Because of Chrome's success, Microsoft created a very similar extension API for its Edge browser, with the goal of making it easy for Chrome extension developers to port their work to Edge. But after three years Edge still had a disappointingly small market share, so Microsoft rebuilt it as a Chromium-based browser. (Chromium is Google's open-source project that serves as the functional core of Chrome and many other browsers.) Now that Edge has the same API as Chrome, extensions can be installed directly from the Chrome Web Store.

With its own market share in decline, Mozilla also decided to conform. In 2015, the organization announced that the long-standing XUL and XPCOM extension capabilities of Firefox would be replaced with a less-permissive API very similar to Chrome's. This change was enacted in 2017. Firefox extensions are now largely compatible with their Chrome counterparts.

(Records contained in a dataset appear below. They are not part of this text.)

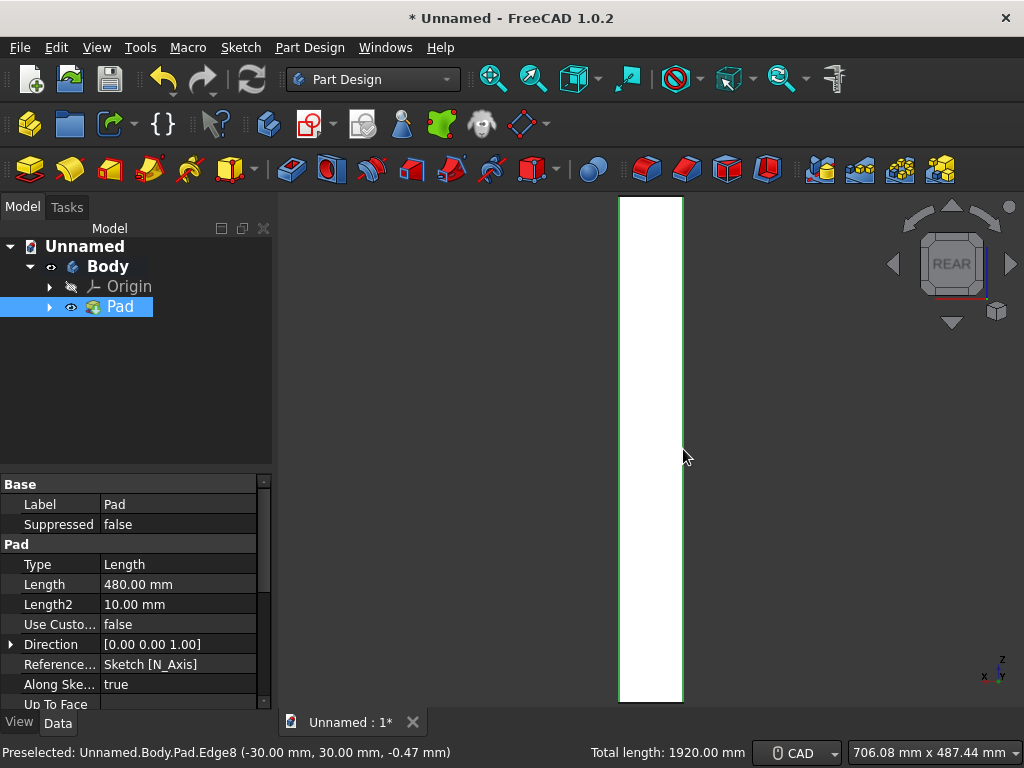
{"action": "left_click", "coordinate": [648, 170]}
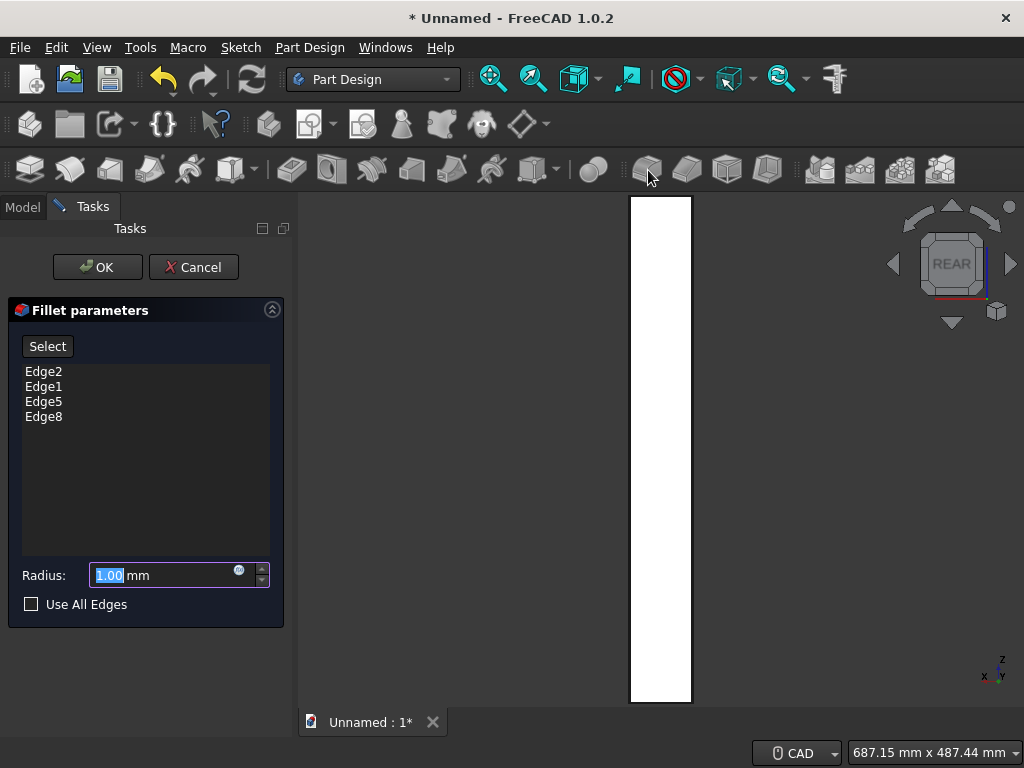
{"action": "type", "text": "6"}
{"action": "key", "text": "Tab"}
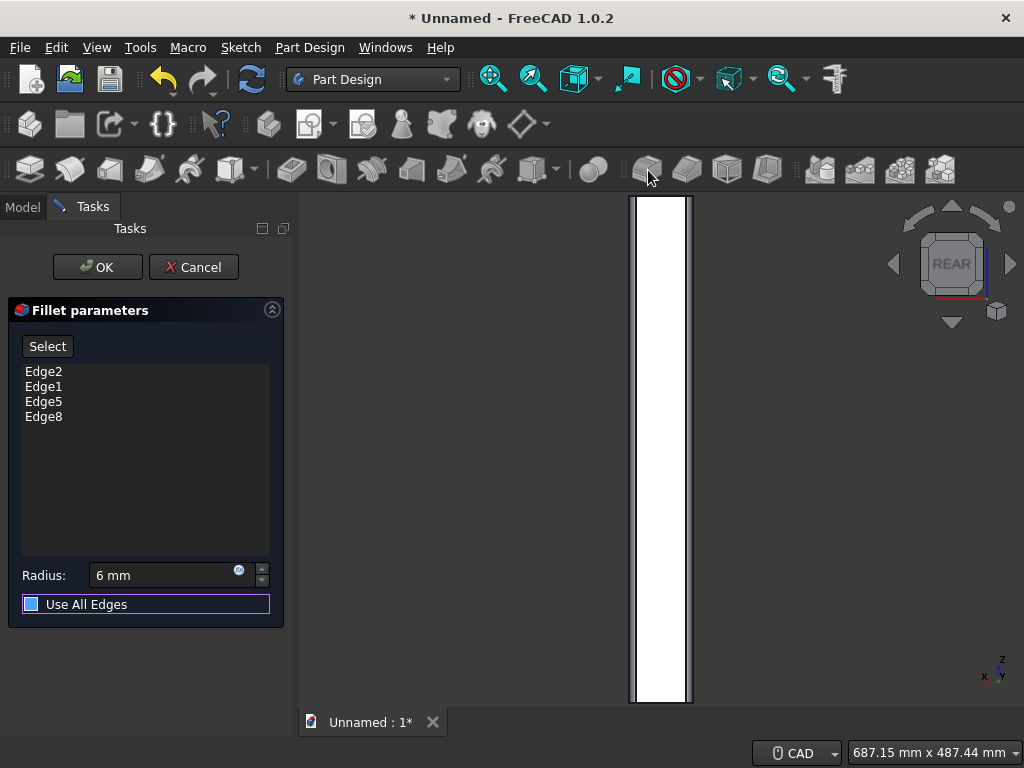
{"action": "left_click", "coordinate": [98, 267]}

Until 2020, Apple was the lone major exception to this trend, but with the release of Safari 14 for macOS, the browser added support for extensions conforming to the Chrome API. The following year, extensions were enabled in the iOS version for the first time.

Unwanted behavior
Browser extensions typically have access to sensitive data, such as browsing history, and they have the ability to alter some browser settings, add user interface items, or replace website content. As a result, there have been instances of malware, so users need to be cautious about what extensions they install.

There have also been cases of applications installing browser extensions without the user's knowledge, making it hard for the user to uninstall the unwanted extension.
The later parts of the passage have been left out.